EN BREF – Plusieurs associations et collectivités territoriales poursuivent leur action contre le groupe Total. Selon elles, la multinationale pétrolière ne respecte pas la loi sur le devoir de vigilance, notamment au niveau environnemental.
Elles persistent et signent. Après l’avoir mis en demeure en juin 2019, cinq associations et quatorze collectivités territoriales, dont Grenoble, assignent Total en justice. En cause : le manque d’engagements de la firme en faveur de la réduction de son impact environnemental.
Que dit la loi ?
L’action en justice repose sur la loi de mars 2017 concernant le devoir de vigilance s’appliquant aux entreprises. Qui stipule que celles-ci doivent prendre des « mesures de vigilance raisonnable propres à identifier les risques et à prévenir les atteintes graves envers les droits humains et les libertés fondamentales, la santé et la sécurité des personnes ainsi que l’environnement ».
Ces mesures comprennent une partie surveillance, avec l’obligation de fournir une cartographie des risques, une évaluation régulière de la situation de l’entreprise, de ses filiales et de sous-traitants, et un mécanisme d’alerte. Elles comportent aussi une partie exécutive, avec l’obligation de prendre des actions d’atténuation des risques et d’inclure un dispositif de suivi des mesures mises en œuvre et d’évaluation de leur efficacité. Le détail de ces mesures doit ensuite être inclus dans un plan de vigilance, au sein du rapport annuel de l’entreprise.
Rappel de la chronologie
23 octobre 2018 : le collectif d’associations et de collectivités « 1,5 C° nous sommes les territoires qui se défendent » interpellent Total sur l’absence de référence environnementale dans son plan de vigilance. Ce malgré le fait que le géant du pétrole soit responsable, à lui seul, de 1 % des émissions mondiales de gaz à effets de serre selon le rapport spécial du Giec.
14 janvier 2019 : le directeur juridique du géant pétrolier accepte l’intégration de cette problématique dans le prochain rapport annuel. Toutefois, le second plan de vigilance s’avère très décevant pour le collectif.

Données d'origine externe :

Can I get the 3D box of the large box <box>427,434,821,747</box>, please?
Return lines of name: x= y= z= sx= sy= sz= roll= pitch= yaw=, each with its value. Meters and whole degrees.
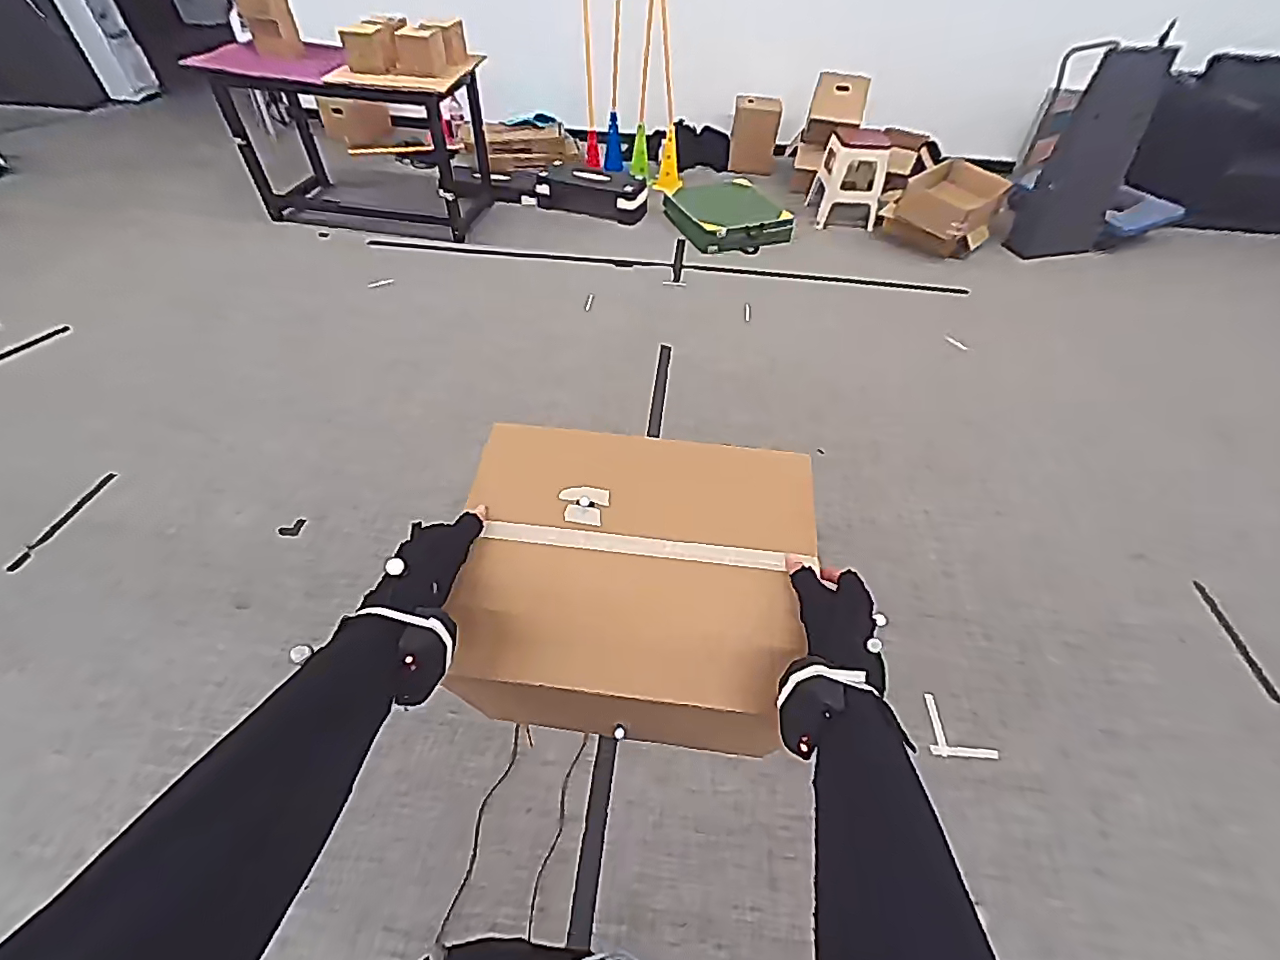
large box: x=-0.002 y=0.163 z=0.741 sx=0.408 sy=0.320 sz=0.320 roll=6 pitch=57 yaw=4
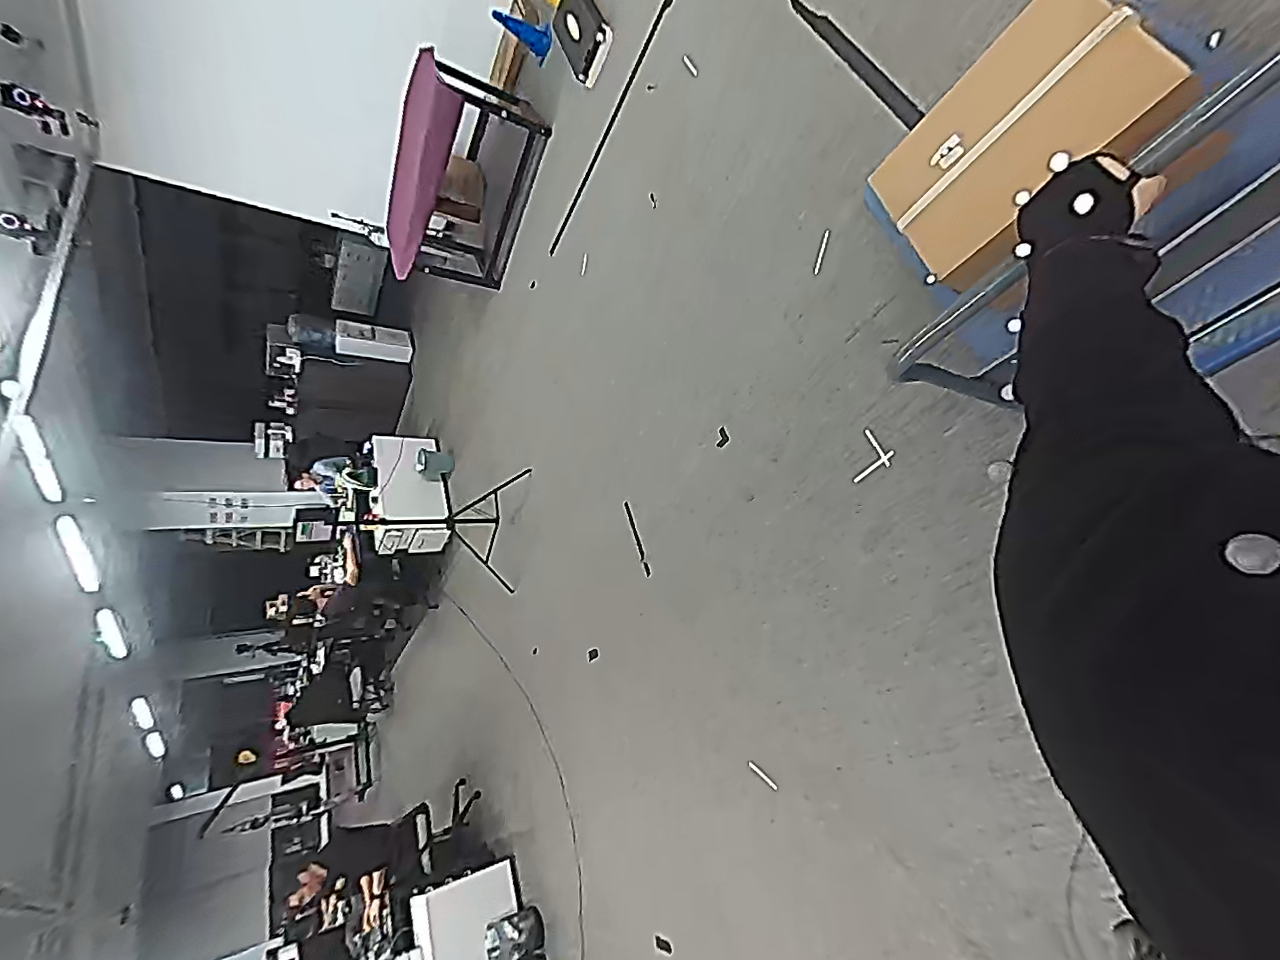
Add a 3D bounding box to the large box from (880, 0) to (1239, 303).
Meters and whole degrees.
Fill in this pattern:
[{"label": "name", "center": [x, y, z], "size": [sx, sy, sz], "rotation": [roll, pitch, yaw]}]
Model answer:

19 octobre 2019 : Total est mis en demeure par le collectif, qui dénonce par ailleurs « l’inaction de l’État en matière de régulation des multinationales ».
28 janvier 2020 : Face au rejet de la mise en demeure par Total, les associations et collectivités assignent la firme devant le tribunal judiciaire de Nanterre. Cela signe le premier contentieux climatique contre une multinationale de pétrole en France.
Pousser la justice à agir contre Total
« Ce contentieux est une occasion forte de mesurer la portée concrète de la loi sur le devoir de vigilance. La nécessité de passer du discours aux actes, c’est tout le message qui doit être adressé à ce groupe et à tous les acteurs », explique Florence Denier Pasquier, vice-présidente de France nature environnement, membre du collectif d’action. Les autres associations à la manœuvre sont Notre Affaire à tous, Sherpa, Zea libérons l’océan et les Éco maires.
Côté collectivités, Éric Piolle dénonçait déjà, lors de la mise en demeure de 2019, l’impact négatif du changement climatique sur le territoire des Alpes et déclarait : « Ensemble, nous avons aussi la responsabilité de pousser les plus gros émetteurs de gaz à effets de serre à montrer l’exemple. »
Une commune empêchée de se joindre à l’action par la préfecture de l’Isère
À noter également que la préfecture de l’Isère s’était opposée, en décembre dernier, à la décision de la commune de Champneuville de se joindre à l’action contre Total. Le maire se défendait : « Notre délibération n’est pas une délibération militante ni politique mais bien une délibération citoyenne. L’action de notre commune se substitue aux manquements de l’État qui laisse les plus gros émetteurs de GES ne pas respecter leur devoir de vigilance. »
La balle est maintenant dans le camp de la justice. Selon la décision du tribunal, Total pourrait être dans l’obligation d’intégrer un plan détaillé de vigilance à son bilan annuel. Elle pourrait même devoir rembourser les dégâts environnementaux causés par le non-respect de son devoir de vigilance.